**Exercise objective**
Two lines in the listing below mark the span: one contains "#9 cauliflower (215,89,294,125)" and one contains "#19 cauliflower (270,274,406,400)". Reproduce both of them and everything between, exactly.

**Extracted data**
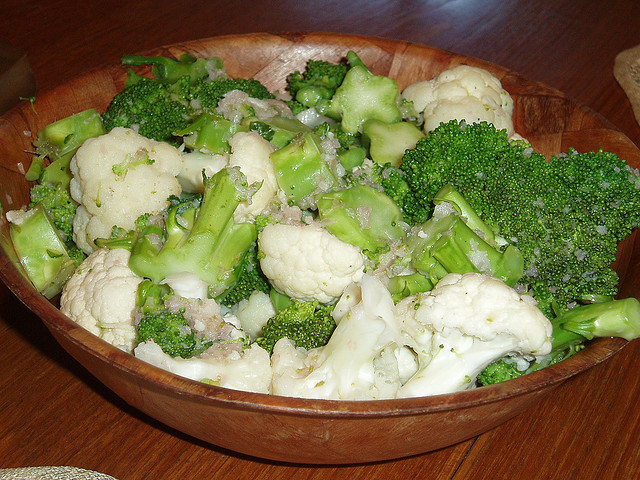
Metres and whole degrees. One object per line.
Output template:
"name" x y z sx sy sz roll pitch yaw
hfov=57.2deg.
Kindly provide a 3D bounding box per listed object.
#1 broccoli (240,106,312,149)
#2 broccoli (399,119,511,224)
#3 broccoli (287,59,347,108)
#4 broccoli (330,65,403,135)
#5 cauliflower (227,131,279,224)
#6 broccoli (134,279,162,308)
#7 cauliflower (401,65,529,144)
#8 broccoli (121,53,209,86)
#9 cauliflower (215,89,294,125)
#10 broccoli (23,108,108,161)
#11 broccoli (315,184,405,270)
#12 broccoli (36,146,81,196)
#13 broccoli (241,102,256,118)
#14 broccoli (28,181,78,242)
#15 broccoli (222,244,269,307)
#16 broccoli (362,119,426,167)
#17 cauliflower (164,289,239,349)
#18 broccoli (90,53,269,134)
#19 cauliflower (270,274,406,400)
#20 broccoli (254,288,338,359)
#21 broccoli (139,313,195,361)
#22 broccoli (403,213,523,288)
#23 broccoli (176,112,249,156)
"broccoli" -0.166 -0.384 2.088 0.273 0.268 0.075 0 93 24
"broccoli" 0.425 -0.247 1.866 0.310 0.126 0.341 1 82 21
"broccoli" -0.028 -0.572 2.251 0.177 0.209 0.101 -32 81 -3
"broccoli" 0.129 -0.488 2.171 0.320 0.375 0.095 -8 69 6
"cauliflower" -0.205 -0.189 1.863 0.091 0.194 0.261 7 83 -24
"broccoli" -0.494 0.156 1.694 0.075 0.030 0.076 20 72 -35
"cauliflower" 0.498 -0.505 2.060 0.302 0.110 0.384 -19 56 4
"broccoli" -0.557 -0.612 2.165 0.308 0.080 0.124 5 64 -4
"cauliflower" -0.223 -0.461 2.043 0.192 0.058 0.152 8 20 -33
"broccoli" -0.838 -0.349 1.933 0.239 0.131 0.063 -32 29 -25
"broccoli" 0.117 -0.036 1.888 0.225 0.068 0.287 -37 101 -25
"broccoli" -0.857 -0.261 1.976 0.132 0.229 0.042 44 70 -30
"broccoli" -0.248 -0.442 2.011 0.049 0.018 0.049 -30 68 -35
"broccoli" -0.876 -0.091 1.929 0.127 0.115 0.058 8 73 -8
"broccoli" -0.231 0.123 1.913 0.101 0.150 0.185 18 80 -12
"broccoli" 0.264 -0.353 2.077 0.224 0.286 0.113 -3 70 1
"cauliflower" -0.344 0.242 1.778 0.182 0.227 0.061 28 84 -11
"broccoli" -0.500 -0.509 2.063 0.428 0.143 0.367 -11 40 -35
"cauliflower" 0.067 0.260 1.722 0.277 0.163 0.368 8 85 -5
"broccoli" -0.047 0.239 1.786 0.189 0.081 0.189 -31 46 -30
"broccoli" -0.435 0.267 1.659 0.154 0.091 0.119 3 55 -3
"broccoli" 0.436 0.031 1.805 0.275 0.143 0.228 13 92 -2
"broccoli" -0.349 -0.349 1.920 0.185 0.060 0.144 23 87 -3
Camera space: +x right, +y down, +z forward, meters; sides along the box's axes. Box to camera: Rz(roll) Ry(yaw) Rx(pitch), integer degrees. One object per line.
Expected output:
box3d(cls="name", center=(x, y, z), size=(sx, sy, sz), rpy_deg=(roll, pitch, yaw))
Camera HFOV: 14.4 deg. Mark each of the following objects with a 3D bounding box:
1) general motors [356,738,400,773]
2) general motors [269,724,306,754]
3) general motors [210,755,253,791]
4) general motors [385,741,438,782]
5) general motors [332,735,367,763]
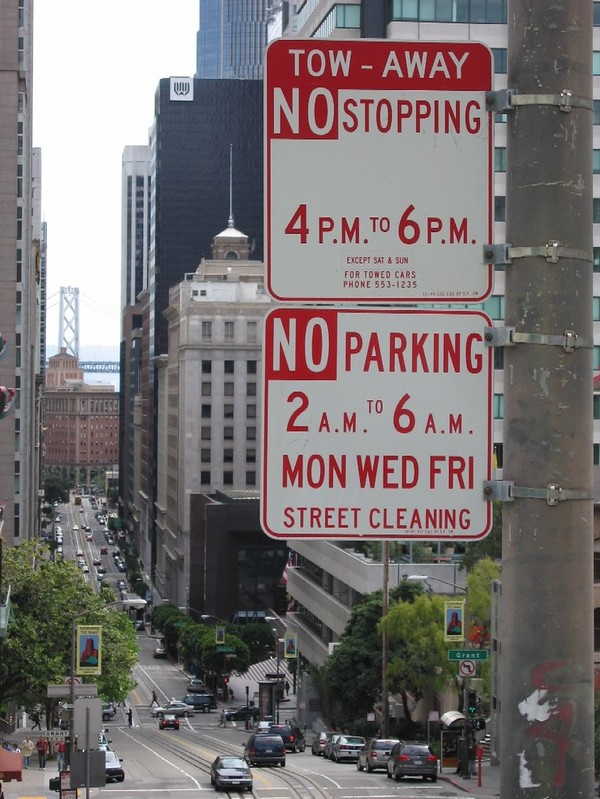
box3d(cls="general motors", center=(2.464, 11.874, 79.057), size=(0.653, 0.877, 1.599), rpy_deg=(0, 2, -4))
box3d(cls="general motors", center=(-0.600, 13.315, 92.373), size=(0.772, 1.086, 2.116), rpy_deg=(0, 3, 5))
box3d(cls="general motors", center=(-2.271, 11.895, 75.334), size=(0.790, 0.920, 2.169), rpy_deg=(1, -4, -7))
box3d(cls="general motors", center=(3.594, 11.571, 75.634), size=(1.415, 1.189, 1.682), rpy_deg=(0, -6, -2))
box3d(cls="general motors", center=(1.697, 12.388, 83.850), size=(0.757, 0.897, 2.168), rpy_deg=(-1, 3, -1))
---
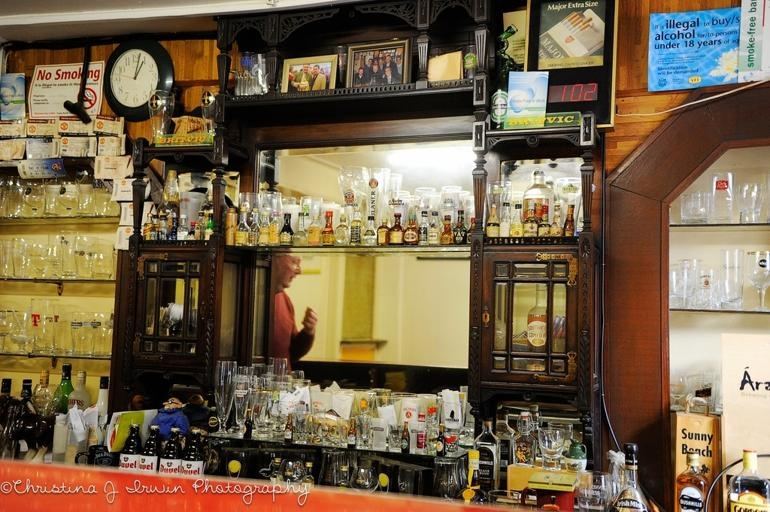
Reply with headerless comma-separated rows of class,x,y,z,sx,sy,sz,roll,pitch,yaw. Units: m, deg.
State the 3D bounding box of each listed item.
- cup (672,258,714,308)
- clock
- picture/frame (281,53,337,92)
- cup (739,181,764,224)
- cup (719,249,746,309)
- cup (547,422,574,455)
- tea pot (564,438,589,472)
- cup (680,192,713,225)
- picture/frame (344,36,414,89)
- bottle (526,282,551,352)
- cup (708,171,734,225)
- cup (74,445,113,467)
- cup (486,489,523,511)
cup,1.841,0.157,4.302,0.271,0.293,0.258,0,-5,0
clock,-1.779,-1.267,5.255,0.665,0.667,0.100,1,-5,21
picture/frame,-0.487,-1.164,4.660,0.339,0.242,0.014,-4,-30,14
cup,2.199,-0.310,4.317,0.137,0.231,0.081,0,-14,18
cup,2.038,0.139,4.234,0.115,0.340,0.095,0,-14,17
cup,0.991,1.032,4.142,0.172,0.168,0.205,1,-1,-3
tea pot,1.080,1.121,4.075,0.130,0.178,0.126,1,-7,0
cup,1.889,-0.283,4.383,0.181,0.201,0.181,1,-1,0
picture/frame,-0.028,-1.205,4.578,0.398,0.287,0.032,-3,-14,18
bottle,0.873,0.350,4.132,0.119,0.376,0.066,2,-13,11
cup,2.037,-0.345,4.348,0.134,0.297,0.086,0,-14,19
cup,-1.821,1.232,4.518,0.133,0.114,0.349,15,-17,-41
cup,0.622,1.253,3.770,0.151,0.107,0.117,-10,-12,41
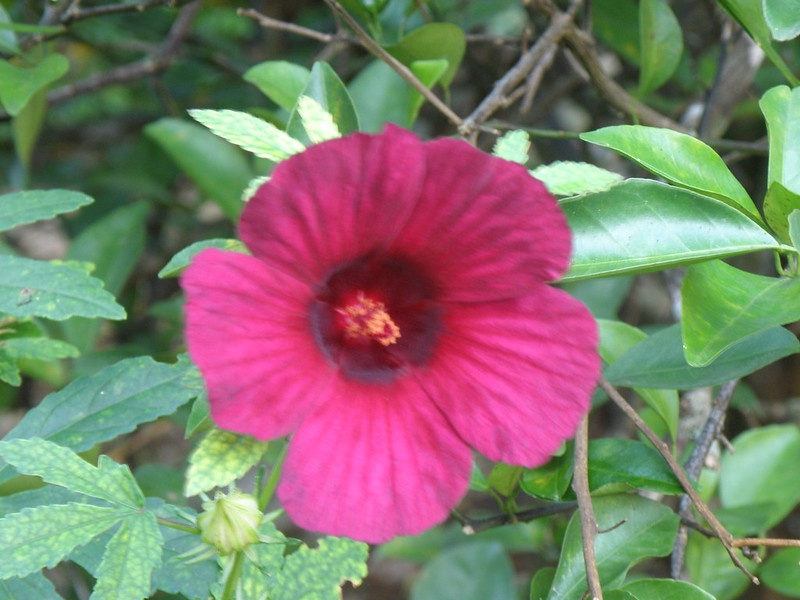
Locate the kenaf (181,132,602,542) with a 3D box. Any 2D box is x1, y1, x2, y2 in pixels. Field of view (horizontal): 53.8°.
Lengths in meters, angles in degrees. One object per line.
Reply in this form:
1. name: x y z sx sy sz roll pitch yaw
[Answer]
* * *
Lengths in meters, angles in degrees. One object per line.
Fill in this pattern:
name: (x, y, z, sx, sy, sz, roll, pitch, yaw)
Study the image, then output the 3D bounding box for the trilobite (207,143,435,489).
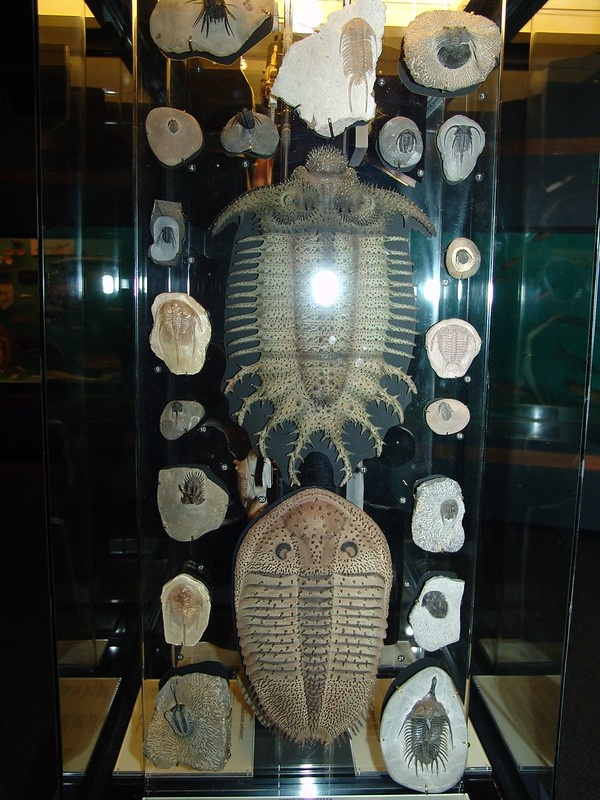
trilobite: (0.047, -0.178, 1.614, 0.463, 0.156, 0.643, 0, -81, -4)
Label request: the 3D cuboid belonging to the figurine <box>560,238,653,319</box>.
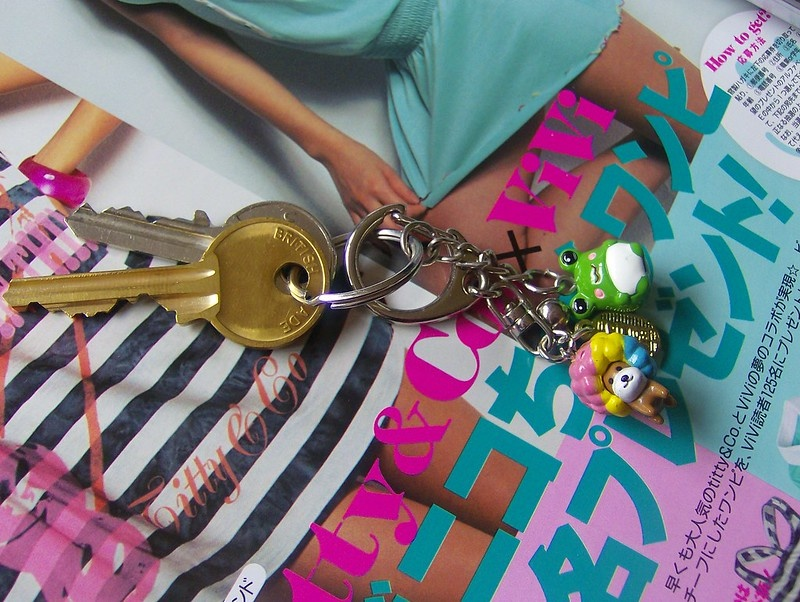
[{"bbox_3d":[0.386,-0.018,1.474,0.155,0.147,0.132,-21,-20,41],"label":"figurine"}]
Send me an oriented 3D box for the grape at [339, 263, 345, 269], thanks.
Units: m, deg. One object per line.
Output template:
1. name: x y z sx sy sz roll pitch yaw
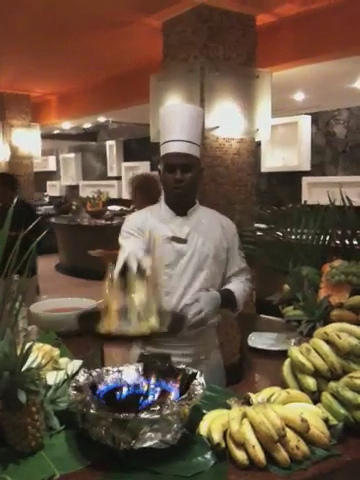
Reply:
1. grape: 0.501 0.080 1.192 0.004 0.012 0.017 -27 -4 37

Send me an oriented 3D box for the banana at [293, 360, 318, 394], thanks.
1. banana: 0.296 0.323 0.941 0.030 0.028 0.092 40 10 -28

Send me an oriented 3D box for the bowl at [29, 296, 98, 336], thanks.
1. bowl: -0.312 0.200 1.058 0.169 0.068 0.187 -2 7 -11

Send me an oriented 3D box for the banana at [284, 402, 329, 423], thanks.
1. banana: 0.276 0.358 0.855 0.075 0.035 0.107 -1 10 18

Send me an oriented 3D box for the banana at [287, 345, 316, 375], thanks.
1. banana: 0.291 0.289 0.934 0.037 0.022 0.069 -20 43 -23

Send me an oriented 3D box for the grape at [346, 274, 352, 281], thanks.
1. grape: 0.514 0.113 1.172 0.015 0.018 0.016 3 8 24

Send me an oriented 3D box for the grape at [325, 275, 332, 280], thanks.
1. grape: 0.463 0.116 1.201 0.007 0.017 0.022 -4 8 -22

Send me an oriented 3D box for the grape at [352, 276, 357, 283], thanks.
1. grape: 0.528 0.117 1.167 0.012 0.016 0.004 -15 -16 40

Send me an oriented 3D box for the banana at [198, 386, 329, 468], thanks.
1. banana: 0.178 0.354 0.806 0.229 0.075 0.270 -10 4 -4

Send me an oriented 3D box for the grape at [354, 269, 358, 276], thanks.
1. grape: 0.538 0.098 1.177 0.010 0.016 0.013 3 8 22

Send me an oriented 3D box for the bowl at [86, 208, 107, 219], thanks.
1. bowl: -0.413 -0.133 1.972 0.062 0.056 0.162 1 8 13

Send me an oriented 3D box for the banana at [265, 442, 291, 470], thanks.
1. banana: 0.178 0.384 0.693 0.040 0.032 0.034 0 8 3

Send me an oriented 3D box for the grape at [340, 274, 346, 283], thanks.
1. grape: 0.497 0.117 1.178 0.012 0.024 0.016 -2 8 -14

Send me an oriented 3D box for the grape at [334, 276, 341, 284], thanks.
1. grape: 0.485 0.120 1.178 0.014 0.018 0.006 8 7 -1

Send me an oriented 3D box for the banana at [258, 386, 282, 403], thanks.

**Output of the exercise**
#9 cauliflower (215,89,294,125)
#10 broccoli (23,108,108,161)
#11 broccoli (315,184,405,270)
#12 broccoli (36,146,81,196)
#13 broccoli (241,102,256,118)
#14 broccoli (28,181,78,242)
#15 broccoli (222,244,269,307)
#16 broccoli (362,119,426,167)
#17 cauliflower (164,289,239,349)
#18 broccoli (90,53,269,134)
#19 cauliflower (270,274,406,400)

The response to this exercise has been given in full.